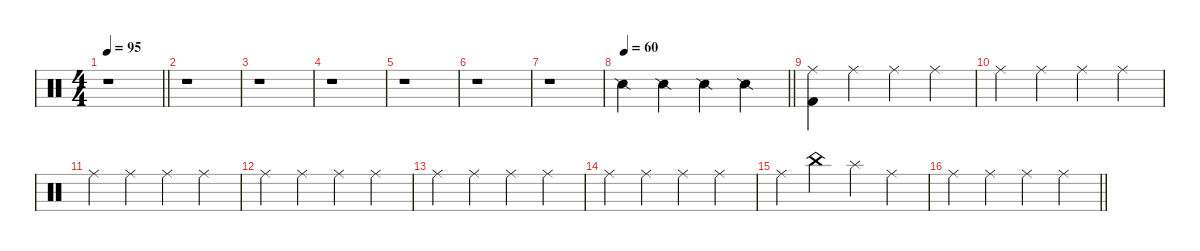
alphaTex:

\defaultSystemsLayout 4
\hideDynamics
\bracketExtendMode nobrackets
\singleTrackTrackNamePolicy hidden
\multiTrackTrackNamePolicy hidden
\firstSystemTrackNameMode fullname
\otherSystemsTrackNameOrientation horizontal
\track ("Percussions" "drm.") {defaultSystemsLayout 4 instrument percussion}
\staff {score}
\articulation defaults
\ts (4 4)
\tempo 95
\clef neutral
\barLineRight lightlight
\ks c
r.1{dy ff beam Down} |
r.1{beam Down} |
r.1{beam Down} |
r.1{beam Down} |
r.1{beam Down} |
r.1{beam Down} |
r.1{beam Down} |
\tempo 60
\barLineRight lightlight "Snare (side stick) 2".4{beam Down} "Snare (side stick) 2".4{beam Down} "Snare (side stick) 2".4{beam Down} "Snare (side stick) 2".4{beam Down}
|
("Ride (middle)" "Kick (hit) 2").4{dy f beam Down} "Ride (middle)".4{beam Down} "Ride (middle)".4{beam Down} "Ride (middle)".4{beam Down} |
"Ride (middle)".4{beam Down} "Ride (middle)".4{beam Down} "Ride (middle)".4{beam Down} "Ride (middle)".4{beam Down} |
"Ride (middle)".4{beam Down} "Ride (middle)".4{beam Down} "Ride (middle)".4{beam Down} "Ride (middle)".4{beam Down} |
"Ride (middle)".4{beam Down} "Ride (middle)".4{beam Down} "Ride (middle)".4{beam Down} "Ride (middle)".4{beam Down} |
"Ride (middle)".4{beam Down} "Ride (middle)".4{beam Down} "Ride (middle)".4{beam Down} "Ride (middle)".4{beam Down} |
"Ride (middle)".4{beam Down} "Ride (middle)".4{beam Down} "Ride (middle)".4{beam Down} "Ride (middle)".4{beam Down} |
"Ride (middle)".4{beam Down} "China (hit)".4{dy mp beam Down} "Splash (hit)".4{beam Down} "Ride (middle)".4{dy f beam Down} |
\barLineRight lightlight "Ride (middle)".4{beam Down} "Ride (middle)".4{beam Down} "Ride (middle)".4{beam Down} "Ride (middle)".4{beam Down}
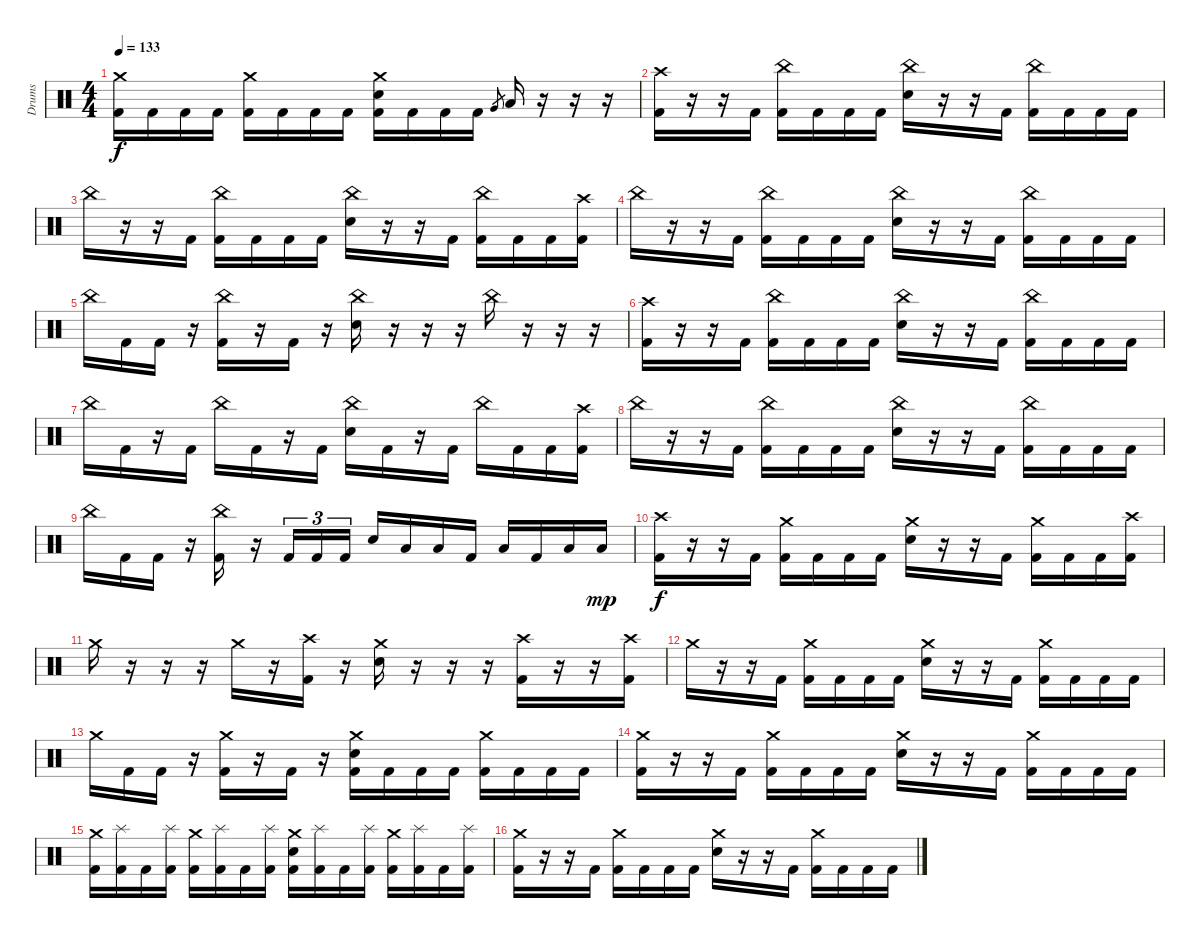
\track ("Drums" "Drums") {instrument percussion}
\staff {score}
\articulation defaults
\ts (4 4)
\tempo 133
\clef neutral
\ks c
("Crash medium (hit)" "Kick (hit) 2").16{dy f} "Kick (hit) 2".16 "Kick (hit) 2".16 "Kick (hit) 2".16 ("Crash medium (hit)" "Kick (hit) 2").16 "Kick (hit) 2".16 "Kick (hit) 2".16 "Kick (hit) 2".16 ("Crash medium (hit)" "Snare (hit) 2" "Kick (hit) 2").16 "Kick (hit) 2".16 "Kick (hit) 2".16 "Kick (hit) 2".16 "Very Low Tom (hit)".8{gr} "Low Floor Tom (hit)".16 r.16 r.16 r.16 |
("Crash high (hit)" "Kick (hit) 2").16 r.16 r.16 "Kick (hit) 2".16 ("China (hit)" "Kick (hit) 2").16 "Kick (hit) 2".16 "Kick (hit) 2".16 "Kick (hit) 2".16 ("China (hit)" "Snare (hit) 2").16 r.16 r.16 "Kick (hit) 2".16 ("China (hit)" "Kick (hit) 2").16 "Kick (hit) 2".16 "Kick (hit) 2".16 "Kick (hit) 2".16 |
"China (hit)".16 r.16 r.16 "Kick (hit) 2".16 ("China (hit)" "Kick (hit) 2").16 "Kick (hit) 2".16 "Kick (hit) 2".16 "Kick (hit) 2".16 ("China (hit)" "Snare (hit) 2").16 r.16 r.16 "Kick (hit) 2".16 ("China (hit)" "Kick (hit) 2").16 "Kick (hit) 2".16 "Kick (hit) 2".16 ("Crash high (hit)" "Kick (hit) 2").16 |
"China (hit)".16 r.16 r.16 "Kick (hit) 2".16 ("China (hit)" "Kick (hit) 2").16 "Kick (hit) 2".16 "Kick (hit) 2".16 "Kick (hit) 2".16 ("China (hit)" "Snare (hit) 2").16 r.16 r.16 "Kick (hit) 2".16 ("China (hit)" "Kick (hit) 2").16 "Kick (hit) 2".16 "Kick (hit) 2".16 "Kick (hit) 2".16 |
"China (hit)".16 "Kick (hit) 2".16 "Kick (hit) 2".16 r.16 ("China (hit)" "Kick (hit) 2").16 r.16 "Kick (hit) 2".16 r.16 ("China (hit)" "Snare (hit) 2").16 r.16 r.16 r.16 "China (hit)".16 r.16 r.16 r.16 |
("Crash high (hit)" "Kick (hit) 2").16 r.16 r.16 "Kick (hit) 2".16 ("China (hit)" "Kick (hit) 2").16 "Kick (hit) 2".16 "Kick (hit) 2".16 "Kick (hit) 2".16 ("China (hit)" "Snare (hit) 2").16 r.16 r.16 "Kick (hit) 2".16 ("China (hit)" "Kick (hit) 2").16 "Kick (hit) 2".16 "Kick (hit) 2".16 "Kick (hit) 2".16 |
"China (hit)".16 "Kick (hit) 2".16 r.16 "Kick (hit) 2".16 "China (hit)".16 "Kick (hit) 2".16 r.16 "Kick (hit) 2".16 ("China (hit)" "Snare (hit) 2").16 "Kick (hit) 2".16 r.16 "Kick (hit) 2".16 "China (hit)".16 "Kick (hit) 2".16 "Kick (hit) 2".16 ("Crash high (hit)" "Kick (hit) 2").16 |
"China (hit)".16 r.16 r.16 "Kick (hit) 2".16 ("China (hit)" "Kick (hit) 2").16 "Kick (hit) 2".16 "Kick (hit) 2".16 "Kick (hit) 2".16 ("China (hit)" "Snare (hit) 2").16 r.16 r.16 "Kick (hit) 2".16 ("China (hit)" "Kick (hit) 2").16 "Kick (hit) 2".16 "Kick (hit) 2".16 "Kick (hit) 2".16 |
"China (hit)".16 "Kick (hit) 2".16 "Kick (hit) 2".16 r.16 ("China (hit)" "Kick (hit) 2").16 r.16 "Kick (hit) 2".16{tu (3 2)} "Kick (hit) 2".16{tu (3 2)} "Kick (hit) 2".16{tu (3 2)} "Snare (hit) 2".16 "Low Tom (hit)".16 "Low Floor Tom (hit)".16 "Kick (hit) 2".16 "Low Floor Tom (hit)".16 "Kick (hit) 2".16 "Low Floor Tom (hit)".16 "Low Floor Tom (hit)".16{dy mp} |
("Crash high (hit)" "Kick (hit) 2").16{dy f} r.16 r.16 "Kick (hit) 2".16 ("Crash medium (hit)" "Kick (hit) 2").16 "Kick (hit) 2".16 "Kick (hit) 2".16 "Kick (hit) 2".16 ("Crash medium (hit)" "Snare (hit) 2").16 r.16 r.16 "Kick (hit) 2".16 ("Crash medium (hit)" "Kick (hit) 2").16 "Kick (hit) 2".16 "Kick (hit) 2".16 ("Crash high (hit)" "Kick (hit) 2").16 |
"Crash medium (hit)".16 r.16 r.16 r.16 "Crash medium (hit)".16 r.16 ("Crash high (hit)" "Kick (hit) 2").16 r.16 ("Crash medium (hit)" "Snare (hit) 2").16 r.16 r.16 r.16 ("Crash high (hit)" "Kick (hit) 2").16 r.16 r.16 ("Crash high (hit)" "Kick (hit) 2").16 |
"Crash medium (hit)".16 r.16 r.16 "Kick (hit) 2".16 ("Crash medium (hit)" "Kick (hit) 2").16 "Kick (hit) 2".16 "Kick (hit) 2".16 "Kick (hit) 2".16 ("Crash medium (hit)" "Snare (hit) 2").16 r.16 r.16 "Kick (hit) 2".16 ("Crash medium (hit)" "Kick (hit) 2").16 "Kick (hit) 2".16 "Kick (hit) 2".16 "Kick (hit) 2".16 |
"Crash medium (hit)".16 "Kick (hit) 2".16 "Kick (hit) 2".16 r.16 ("Crash medium (hit)" "Kick (hit) 2").16 r.16 "Kick (hit) 2".16 r.16 ("Crash medium (hit)" "Snare (hit) 2" "Kick (hit) 2").16 "Kick (hit) 2".16 "Kick (hit) 2".16 "Kick (hit) 2".16 ("Crash medium (hit)" "Kick (hit) 2").16 "Kick (hit) 2".16 "Kick (hit) 2".16 "Kick (hit) 2".16 |
("Crash medium (hit)" "Kick (hit) 2").16 r.16 r.16 "Kick (hit) 2".16 ("Crash medium (hit)" "Kick (hit) 2").16 "Kick (hit) 2".16 "Kick (hit) 2".16 "Kick (hit) 2".16 ("Crash medium (hit)" "Snare (hit) 2").16 r.16 r.16 "Kick (hit) 2".16 ("Crash medium (hit)" "Kick (hit) 2").16 "Kick (hit) 2".16 "Kick (hit) 2".16 "Kick (hit) 2".16 |
("Crash medium (hit)" "Kick (hit) 2").16 ("Splash (hit)" "Kick (hit) 2").16 "Kick (hit) 2".16 ("Splash (hit)" "Kick (hit) 2").16 ("Crash medium (hit)" "Kick (hit) 2").16 ("Splash (hit)" "Kick (hit) 2").16 "Kick (hit) 2".16 ("Splash (hit)" "Kick (hit) 2").16 ("Crash medium (hit)" "Snare (hit) 2" "Kick (hit) 2").16 ("Splash (hit)" "Kick (hit) 2").16 "Kick (hit) 2".16 ("Splash (hit)" "Kick (hit) 2").16 ("Crash medium (hit)" "Kick (hit) 2").16 ("Splash (hit)" "Kick (hit) 2").16 "Kick (hit) 2".16 ("Splash (hit)" "Kick (hit) 2").16 |
("Crash medium (hit)" "Kick (hit) 2").16 r.16 r.16 "Kick (hit) 2".16 ("Crash medium (hit)" "Kick (hit) 2").16 "Kick (hit) 2".16 "Kick (hit) 2".16 "Kick (hit) 2".16 ("Crash medium (hit)" "Snare (hit) 2").16 r.16 r.16 "Kick (hit) 2".16 ("Crash medium (hit)" "Kick (hit) 2").16 "Kick (hit) 2".16 "Kick (hit) 2".16 "Kick (hit) 2".16

■ ■ ■ ■

**Problem:**
Check the data for lines with "defaultSystemsLayout" and give only their number.

**Solution for this task:**
2